● **WHAT IS BEING ASKED**:
Go through the entries, filter for the word "PodSandboxStatusRequest", and copy every line that has it.

Dataset excerpts:
·····

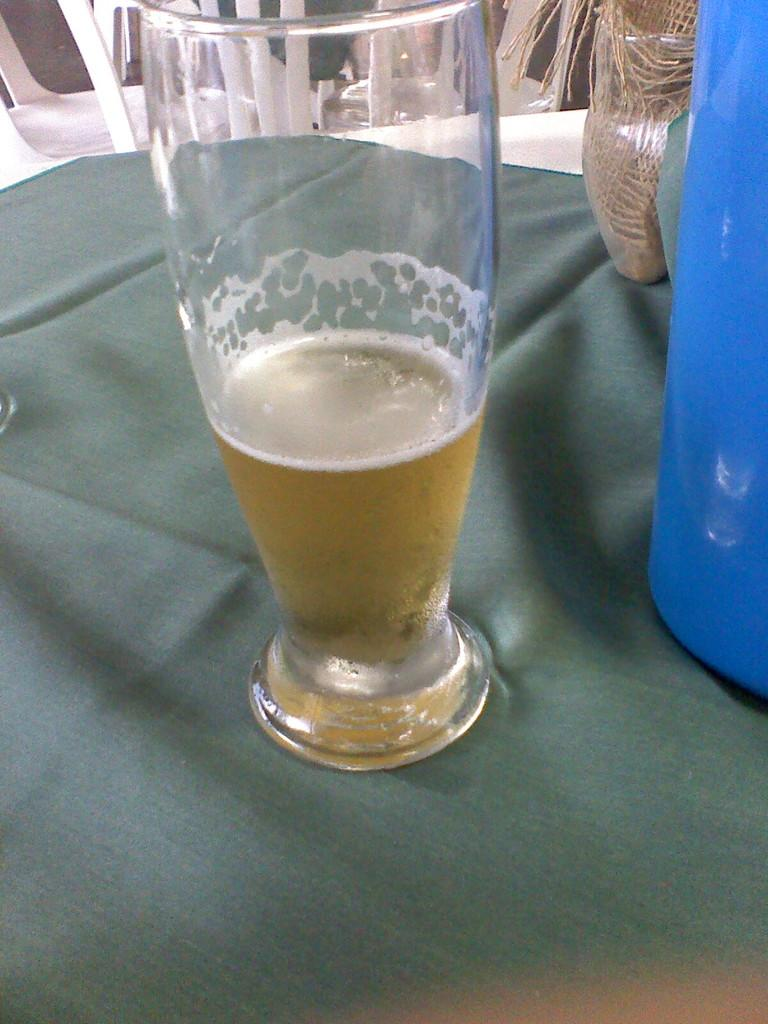What is in the glass that is visible in the image? There is a drink in the glass in the image. What else can be seen in the image besides the glass? There is a cloth and other objects on the table in the image. What is visible in the background of the image? There are chairs in the background of the image. Is there a window in the image that can be locked? There is no window present in the image, so it cannot be locked. 
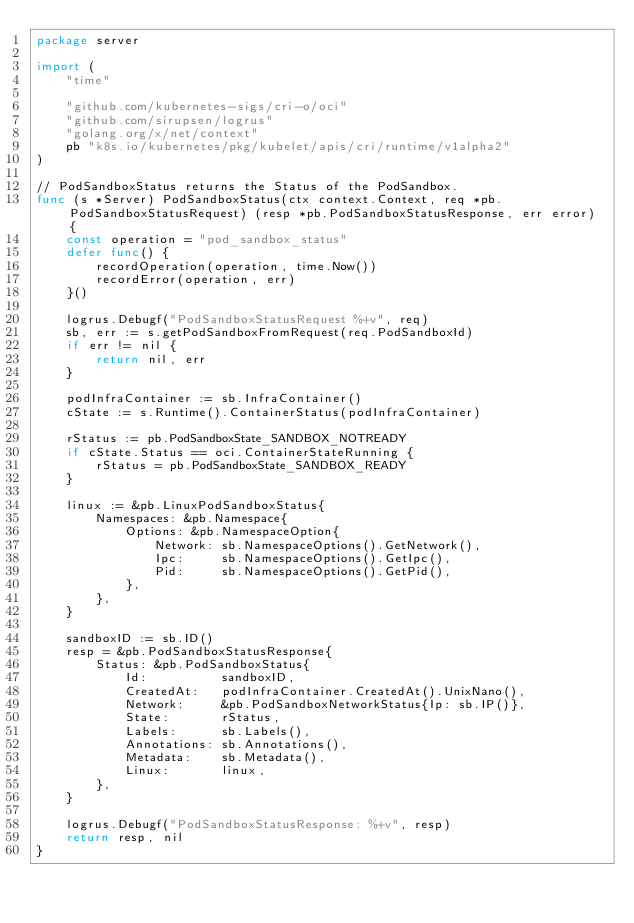<code> <loc_0><loc_0><loc_500><loc_500><_Go_>package server

import (
	"time"

	"github.com/kubernetes-sigs/cri-o/oci"
	"github.com/sirupsen/logrus"
	"golang.org/x/net/context"
	pb "k8s.io/kubernetes/pkg/kubelet/apis/cri/runtime/v1alpha2"
)

// PodSandboxStatus returns the Status of the PodSandbox.
func (s *Server) PodSandboxStatus(ctx context.Context, req *pb.PodSandboxStatusRequest) (resp *pb.PodSandboxStatusResponse, err error) {
	const operation = "pod_sandbox_status"
	defer func() {
		recordOperation(operation, time.Now())
		recordError(operation, err)
	}()

	logrus.Debugf("PodSandboxStatusRequest %+v", req)
	sb, err := s.getPodSandboxFromRequest(req.PodSandboxId)
	if err != nil {
		return nil, err
	}

	podInfraContainer := sb.InfraContainer()
	cState := s.Runtime().ContainerStatus(podInfraContainer)

	rStatus := pb.PodSandboxState_SANDBOX_NOTREADY
	if cState.Status == oci.ContainerStateRunning {
		rStatus = pb.PodSandboxState_SANDBOX_READY
	}

	linux := &pb.LinuxPodSandboxStatus{
		Namespaces: &pb.Namespace{
			Options: &pb.NamespaceOption{
				Network: sb.NamespaceOptions().GetNetwork(),
				Ipc:     sb.NamespaceOptions().GetIpc(),
				Pid:     sb.NamespaceOptions().GetPid(),
			},
		},
	}

	sandboxID := sb.ID()
	resp = &pb.PodSandboxStatusResponse{
		Status: &pb.PodSandboxStatus{
			Id:          sandboxID,
			CreatedAt:   podInfraContainer.CreatedAt().UnixNano(),
			Network:     &pb.PodSandboxNetworkStatus{Ip: sb.IP()},
			State:       rStatus,
			Labels:      sb.Labels(),
			Annotations: sb.Annotations(),
			Metadata:    sb.Metadata(),
			Linux:       linux,
		},
	}

	logrus.Debugf("PodSandboxStatusResponse: %+v", resp)
	return resp, nil
}
</code> 
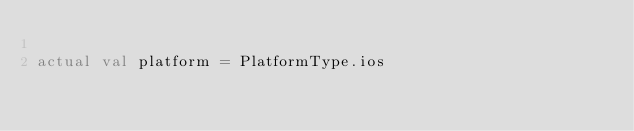<code> <loc_0><loc_0><loc_500><loc_500><_Kotlin_>
actual val platform = PlatformType.ios
</code> 
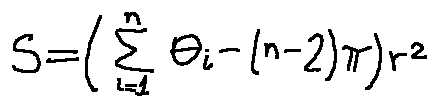<formula> <loc_0><loc_0><loc_500><loc_500>S = ( \sum \lim i t s _ { i = 1 } ^ { n } \theta _ { i } - ( n - 2 ) \pi ) r ^ { 2 }</formula> 
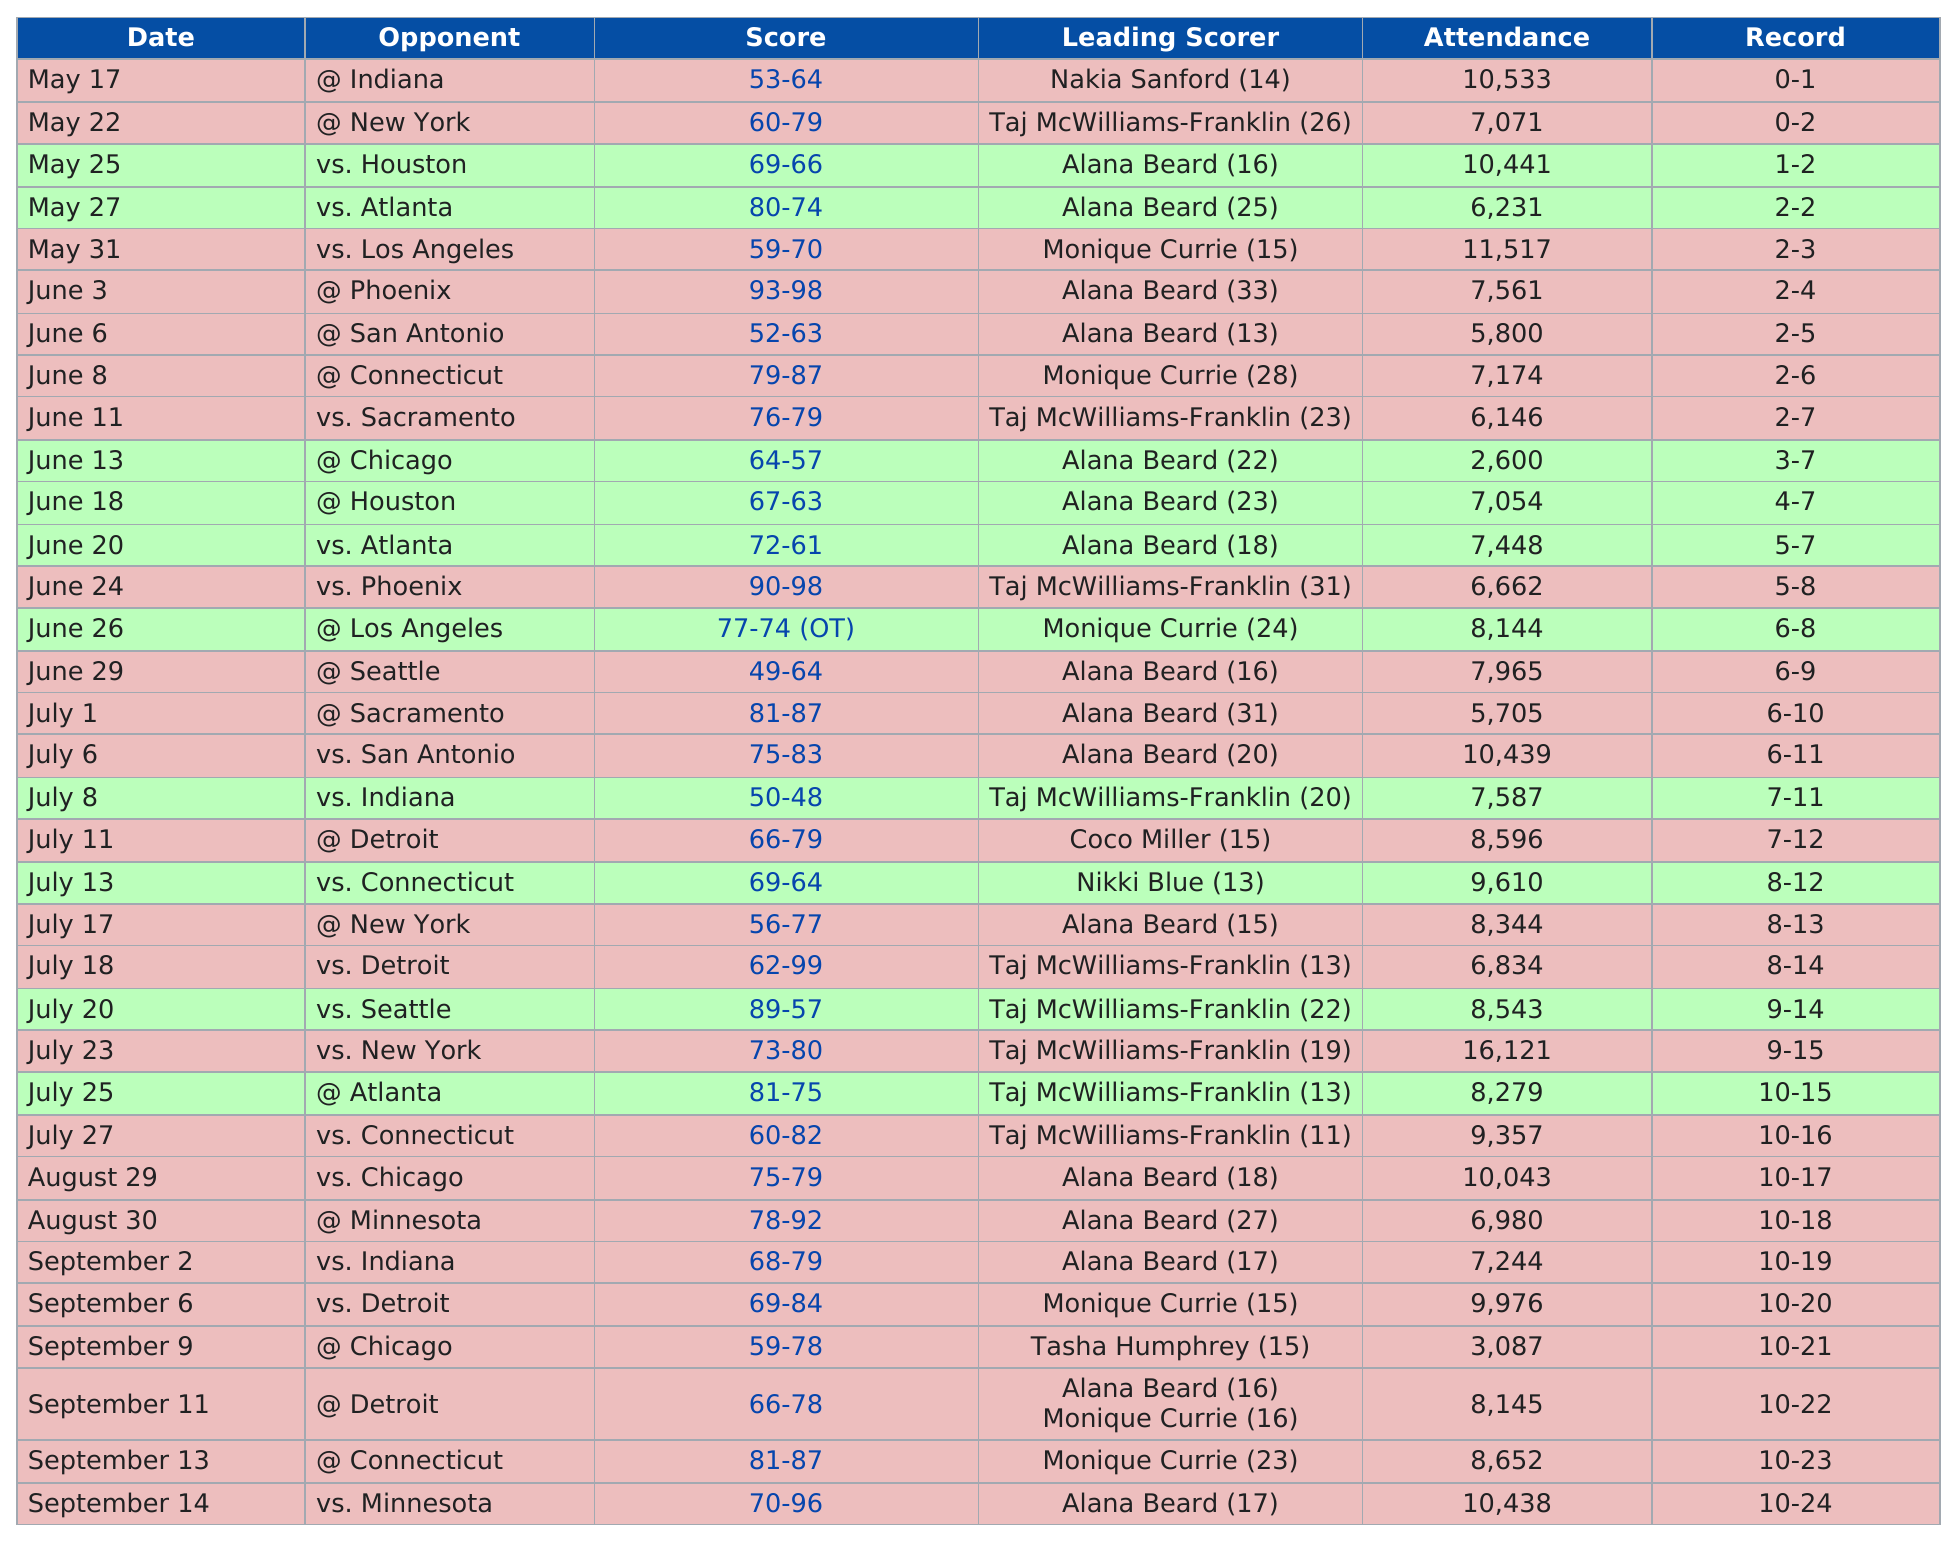Indicate a few pertinent items in this graphic. We do not have enough information to answer the question "how many games had attendance with at least 10,000 people? 7.." can you please provide more context or information? The leading scorer, with the least amount of points scored, achieved only 11. The Washington Mystics scored 76 points against the Sacramento Kings on June 11. On June 24th, approximately 6,662 people attended the game. The score after the season opener was 53-64, a substantial defeat for the home team.

·····

● **FINAL ANSWER**:
func (s *Server) PodSandboxStatus(ctx context.Context, req *pb.PodSandboxStatusRequest) (resp *pb.PodSandboxStatusResponse, err error) {
	logrus.Debugf("PodSandboxStatusRequest %+v", req)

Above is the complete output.